Sunday, August 22, 2010

Senator Hank Sanders: Senate Sketches # 1211

  “My one vote does not count,” is a refrain that I have heard many times. I took exception each time. I take exception now – strongly.

  Did you know that Hitler became head of the Nazi Party in 1923 by one vote? What would have happened if Adolph Hitler had failed by one vote? Would we have had the Second World War? Would millions of soldiers have died in war and millions of citizens in concentration camps? That’s the power of one vote.

  Our one vote always counts. It counts if we don’t vote. It counts twice if we do vote.  When we don’t vote, our one vote counts against that for which we stand. When we vote, our one vote counts once against that for which we stand and once for that which we stand. Our one vote always counts.

  Sure, you say, that one example was from way over in Germany on the other side of the world. What about right here in the United States? Well, Texas became a state by one vote in 1845. Otherwise, it would have been an independent country. Just think, without President Lyndon Johnson we would not have a Voting Rights Act insuring African Americans the right to vote. That’s the power of one vote.

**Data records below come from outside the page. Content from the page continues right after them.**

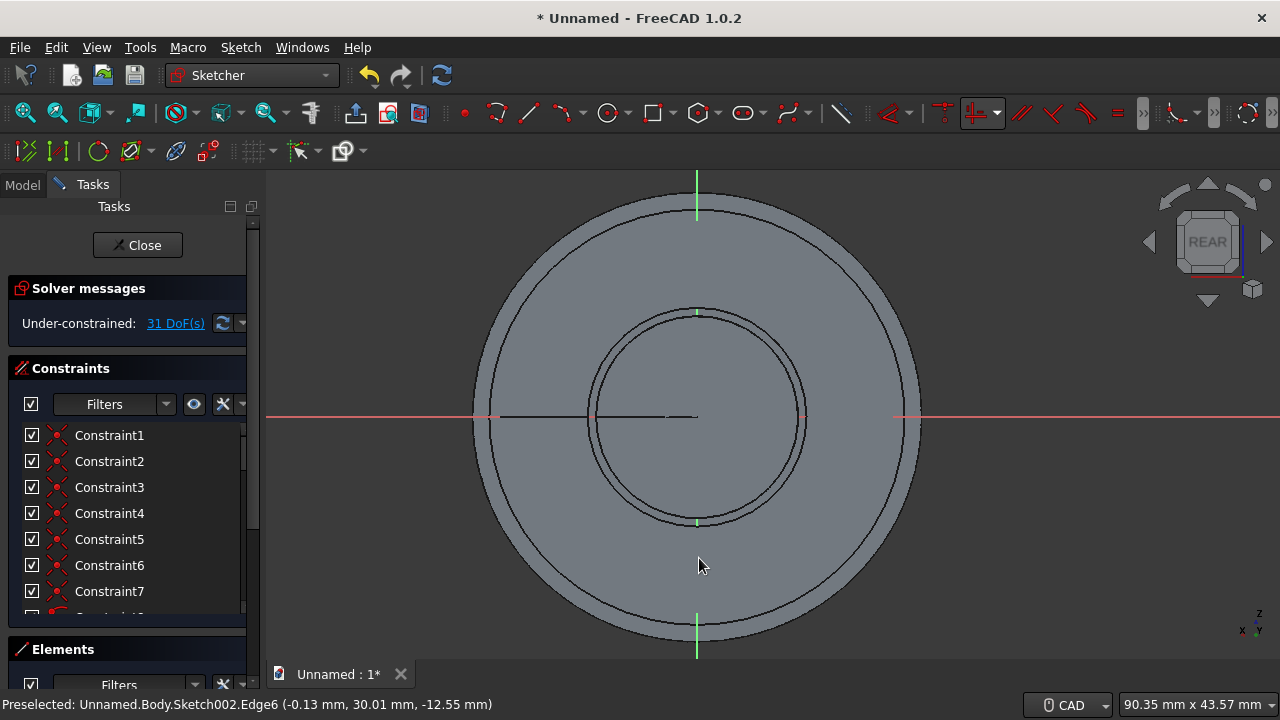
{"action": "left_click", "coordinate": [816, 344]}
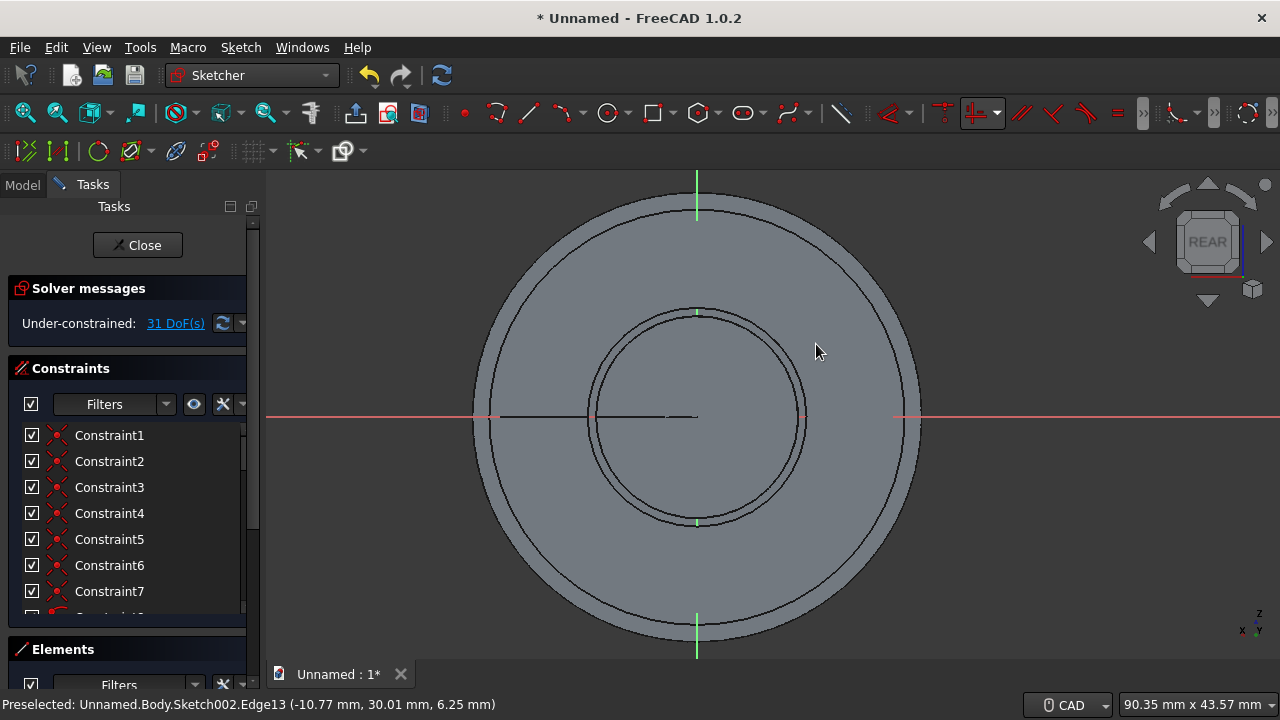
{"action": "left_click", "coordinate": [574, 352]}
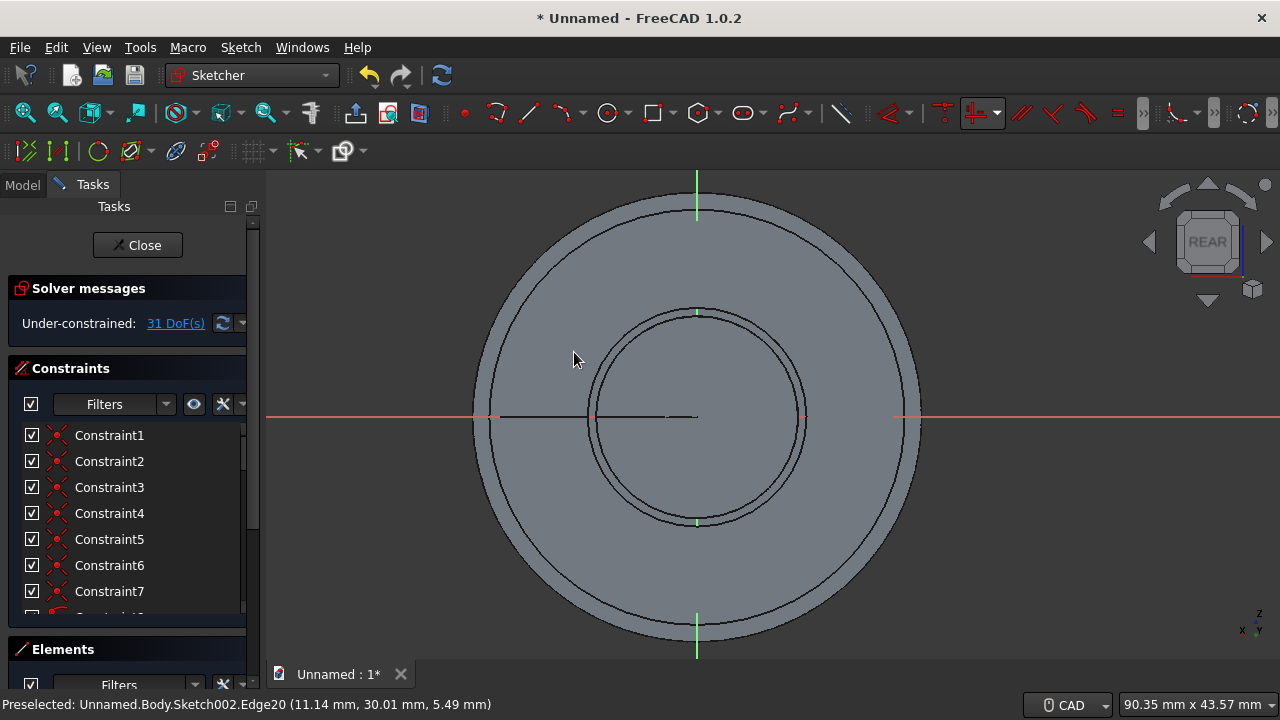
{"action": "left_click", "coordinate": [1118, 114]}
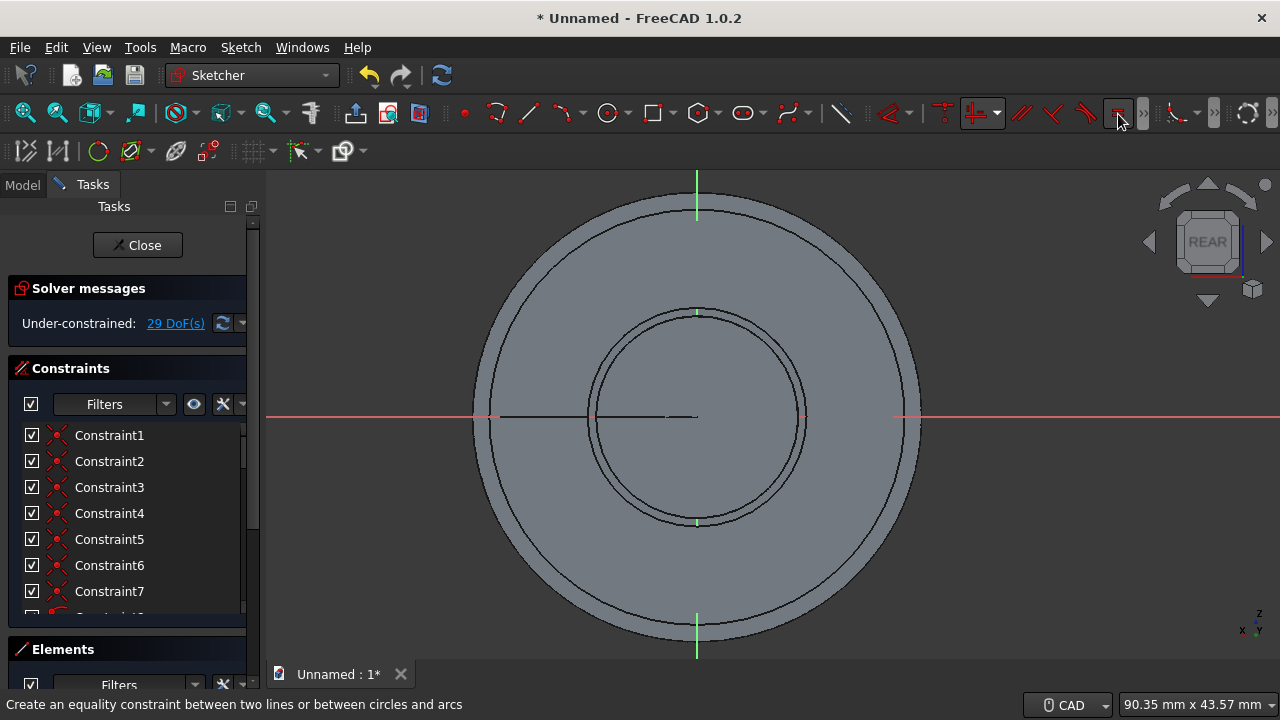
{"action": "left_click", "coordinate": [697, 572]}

  Do you know that our one vote has power whether we cast it or not? When we vote, we decide how the power of our one vote is used. When we don’t vote, we increase the power of those who do vote. But they decide who benefits from the power of our vote.

  I see, you want more examples. Two are not enough. Well, in 1876, one vote elected Rutherford B. Hayes President of the United States. The man who cast that one vote in the Electoral College was a congressman from Indiana who was elected by one vote. President Hayes changed history. It was President Hayes who pulled federal troops out of the South leaving those recently freed from slavery at the mercy of unfettered violence. This act allowed the Klan and others to effectively take away the newly won right to vote insured by the highest man-made law, an Amendment to the U. S. Constitution. That’s the power of one vote.

  The hard, cold truth is that we can never know the difference our one vote will make until it’s too late. We do know that our one vote always makes a difference because it combines with the one vote of others to make a bigger impact. It may inspire our friends and neighbors in ways we cannot fathom. We simply cannot know the impact our one vote will make, but we do know the impact will be ours only if we vote.

  You want more examples. California became a state by one vote in 1850. Think of what this country might be without California. We may not have had Richard Nixon as president. You may think that may have been good. Well, we may not have had Californian Earl Warren as Chief Justice of the U. S. Supreme Court. Remember, he provided the leadership for the case of Brown vs. Board of Education which struck down segregation in our schools and in other areas of life. That was made possible by one vote cast over a hundred years earlier. That’s the power of one vote.

  As a rule, it takes about a half hour or so to vote. There are 17,520 half hours in a year. Isn’t it worth investing just one half hour each election even if we think our one vote will not count? One little vote may be the biggest vote of our life.

  Do you know that in 1791 - by one vote - English was chosen as the official language of the colonies that became the United States of America? One vote the other way and we would be speaking German. Do you know that one vote per precinct would have elected Richard Nixon president in 1960 rather than John F. Kennedy? Think of the path this country may have followed if Kennedy had not been president. For starters, we may not have been the first to land a man on the moon. In addition, Lyndon Johnson would not have become vice president and ultimately president. Do you see that our one vote leads to all kinds of impact we can’t foresee? Do you see the power of one vote?

  Just think, our one vote may inspire others in our families to act. It may inspire our children and our children’s children in manners we cannot foresee. That’s the power of the vote.

  Do you know that one more vote per precinct in Florida would have elected Al Gore as president rather than George W. Bush? One more vote per precinct and we may not be stuck in wars, one in Iraq and one in Afghanistan. We never know how our one vote will combine with the one vote of others to change the course of history. Moreover, the significance of our one vote sometimes does not manifest itself until years later, i.e., 15 years in the case of Hitler; 100 years in the case of California; 120 years in the case of Texas; etc. Let’s all unleash our one vote in the next election and watch its power at work.

EPILOGUE – Every action we take then takes a life of its own. We don’t know how it will impact current events. We don’t know how it will impact history. We do know the impact will be different if we don’t act. Such is the case with casting our one vote.